Manolis Fragkiadakis + Victoria Nyst: Creating a tool supporting annotation and analysis of sign language corpora
“Over the last years various corpus projects documenting sign languages have started all over the world. Between 2007 and 2014, four large video corpora of West African sign languages have been compiled at Leiden University. Due to the lack of an efficient and user-friendly orthography, sign language corpora typically consist hundreds of hours of time-aligned videos annotated, using glosses from a spoken language, in ELAN. The annotation process for creating large, searchable corpora is still extremely labor intensive. Machine learning offers exciting opportunities for facilitating the annotation and analysis, both quantitative and qualitative, of sign language corpora."
"The aim of our current project is to develop a tool that supports the annotation and analysis of sign language corpora, including the automatic identification of the presence of a sign and of its fundamental formal properties of signs (i.e. handshape, location/movement, and number of hands). A challenge for this type of tools is the diverse nature of sign language videos, in terms of background, number of signers, skin color of signers, quality of the visual image, among others. The tool currently being developed should be able to cope with as many of these diversities as possible, using a relatively limited set of training material. So far, the following functionalities have been developed: 1) recognition of the exact time-frame a sign occurs, 2) removal of redundant information from the raw video by using a pose estimation framework (i.e. OpenPose), 3) extracted hand locations have been used to train and test four different classifiers. The result of this process so far is a tool that uses XGBoost to accurately predict the span of a sign and automatically create a time-slot for annotation.”

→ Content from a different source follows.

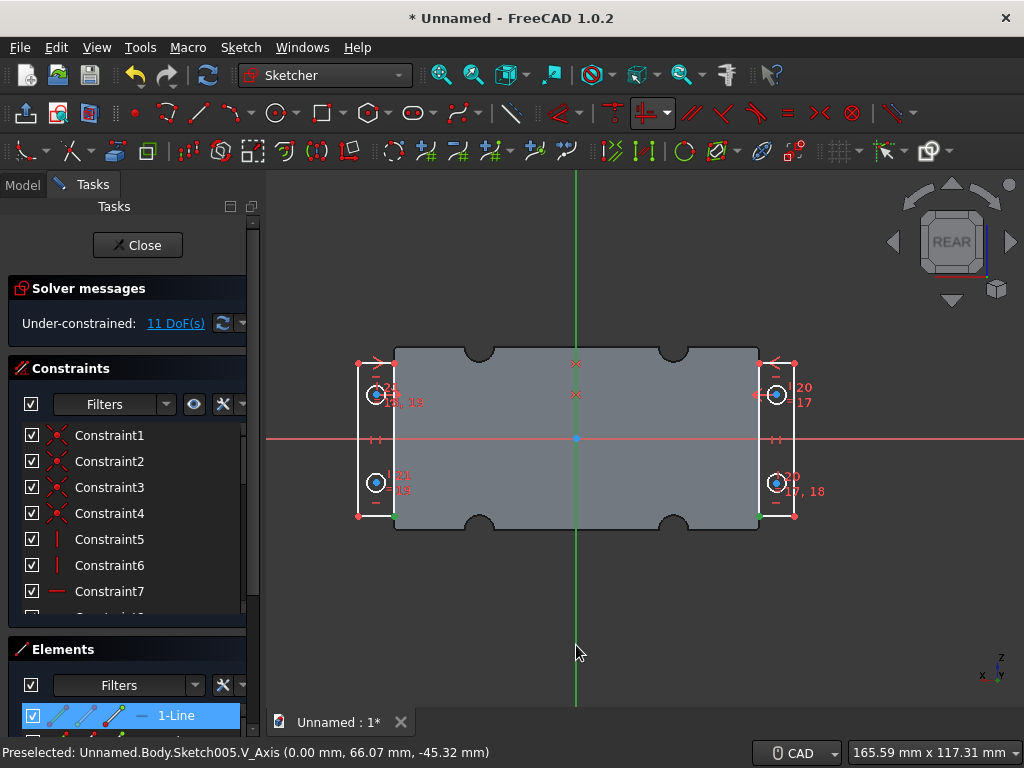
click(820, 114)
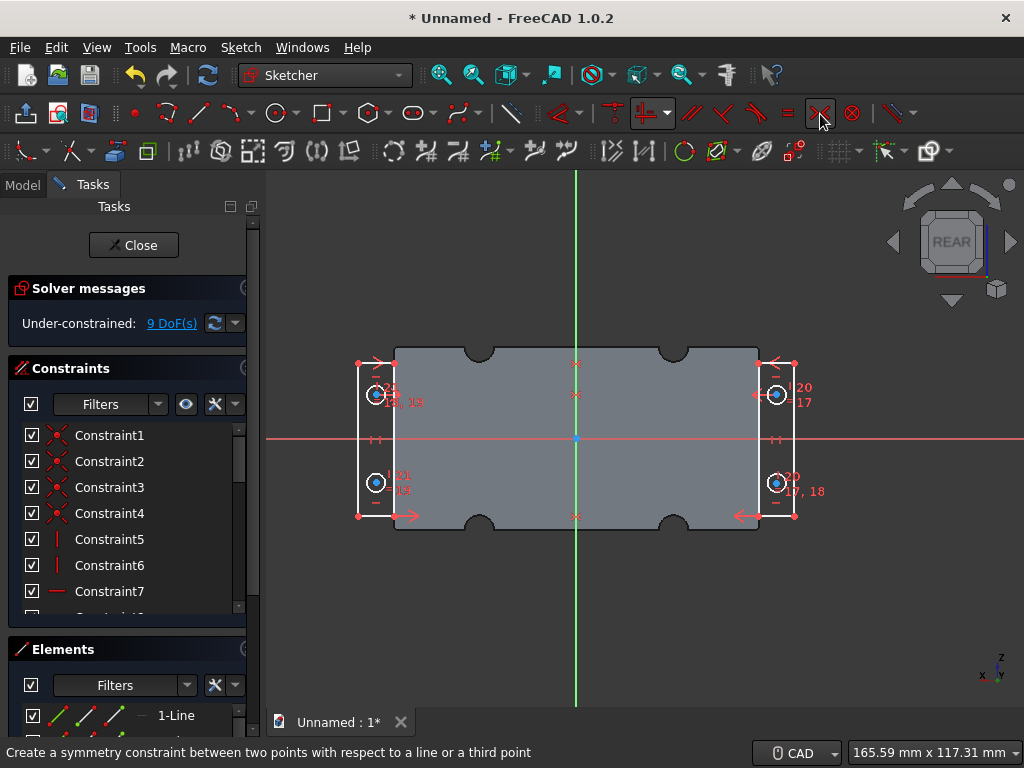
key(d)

Paul Vierthaler: Extracting and Sourcing Quotes in a Large Chinese Corpus
“In this talk I will discuss my recent research into developing algorithms that facilitate the study of large collections of Chinese documents. I will introduce my approach for identifying intertextuality (that is, when one text copies from another) and discuss some of my recent experiments in developing machine learning algorithms to predict the origin of the detected quotes. This process of automatically detecting source materials is aimed at tracing lineages of information in late imperial Chinese literature, a central concern of my current monograph project.”

Additional program
As an optional part of the program a guided tour through the famous 17th-century library Thysiana. The tour is scheduled prior to the program, 1 hour between 12.00-14.00, and only possible upon registration.
The Data Science Research Programme is associated to LIACS and MI.